Here each taketime function takes 18.4 us but the map operation with 10000 element RDD also took similar time. This is because of lazy evaluation. Here nothing was computed in the previous step just a plan of execution was made. The variable interim does not point to a data structure, instead it points to a plan of execution, expressed as a dependency graph. The dependency graph defines how RDDs are computed from each other.

### Let us see the "Dependency Graph" using toDebugString method

In [10]:
print(interim.toDebugString().decode())

(2) PythonRDD[1] at RDD at PythonRDD.scala:53 []
 |  ParallelCollectionRDD[0] at readRDDFromFile at PythonRDD.scala:262 []
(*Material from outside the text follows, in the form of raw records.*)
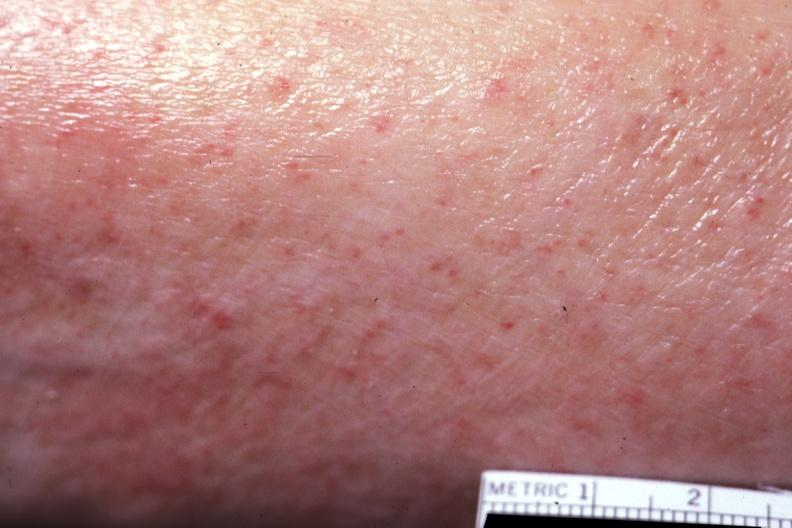s petechial hemorrhages present?
Answer the question using a single word or phrase. Yes 
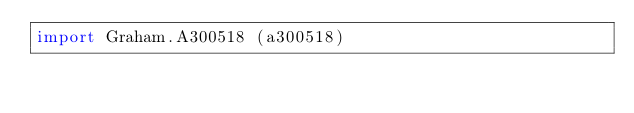Convert code to text. <code><loc_0><loc_0><loc_500><loc_500><_Haskell_>import Graham.A300518 (a300518)</code> 
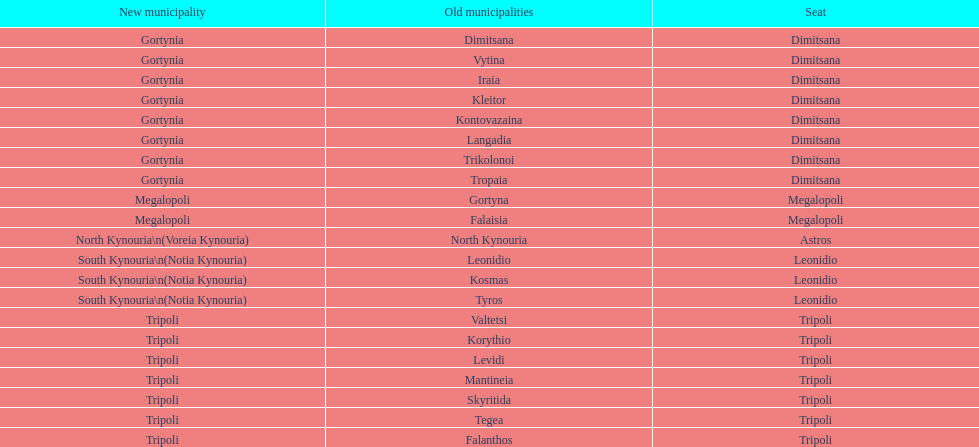What was the number of ancient municipalities in tripoli? 8.

![68747470733a2f2f7261772e67697468756275736572636f6e74656e742e636f6d2f7469727468616a796f74692f537061726b2d776974682d507974686f6e2f6d61737465722f496d616765732f5244445f646570656e64656e63795f67726170682e504e47.png](attachment:68747470733a2f2f7261772e67697468756275736572636f6e74656e742e636f6d2f7469727468616a796f74692f537061726b2d776974682d507974686f6e2f6d61737465722f496d616765732f5244445f646570656e64656e63795f67726170682e504e47.png)

### The actual execution by reduce method

In [11]:
%%time
print('output =', interim.reduce(lambda x,y:x+y))

output = -0.2887054679684353
CPU times: user 7.84 ms, sys: 3.07 ms, total: 10.9 ms
Wall time: 5.96 s


In [12]:
1000000*31e-6

31.0

It is less than what we would have expected considering 1 million operations with the taketime function. This is the result of parallel operation of 2 cores.

#### Now we have not saved (materialized) any intermediate results in interim, so another simple operation (e.g. counting elements > 0) will take almost same time. 

In [13]:
%%time
print(interim.filter(lambda x:x>0).count())

500000
CPU times: user 5.65 ms, sys: 3.9 ms, total: 9.56 ms
Wall time: 5.59 s


### Caching to reduce computation time on similar operation (spending memory)

Run the same computation as before with cache method to tell the dependency graph to plan for caching

In [14]:
%%time
interim = rdd1.map(lambda x: taketime(x)).cache()

CPU times: user 3.89 ms, sys: 2.53 ms, total: 6.42 ms
Wall time: 16 ms


In [15]:
print(interim.toDebugString().decode())

(2) PythonRDD[4] at RDD at PythonRDD.scala:53 [Memory Serialized 1x Replicated]
 |  ParallelCollectionRDD[0] at readRDDFromFile at PythonRDD.scala:262 [Memory Serialized 1x Replicated]


In [16]:
%%time
print('output =', interim.reduce(lambda x,y:x+y))

output = -0.2887054679684353
CPU times: user 2.61 ms, sys: 4.05 ms, total: 6.66 ms
Wall time: 5.19 s


### Now run the same filter method with the help of cached result

In [17]:
%%time 
print(interim.filter(lambda x:x>0).count())

500000
CPU times: user 3.34 ms, sys: 5.04 ms, total: 8.37 ms
Wall time: 217 ms


This time it took much shorter time due to cached result, which it could use to compare to 0 and count easily.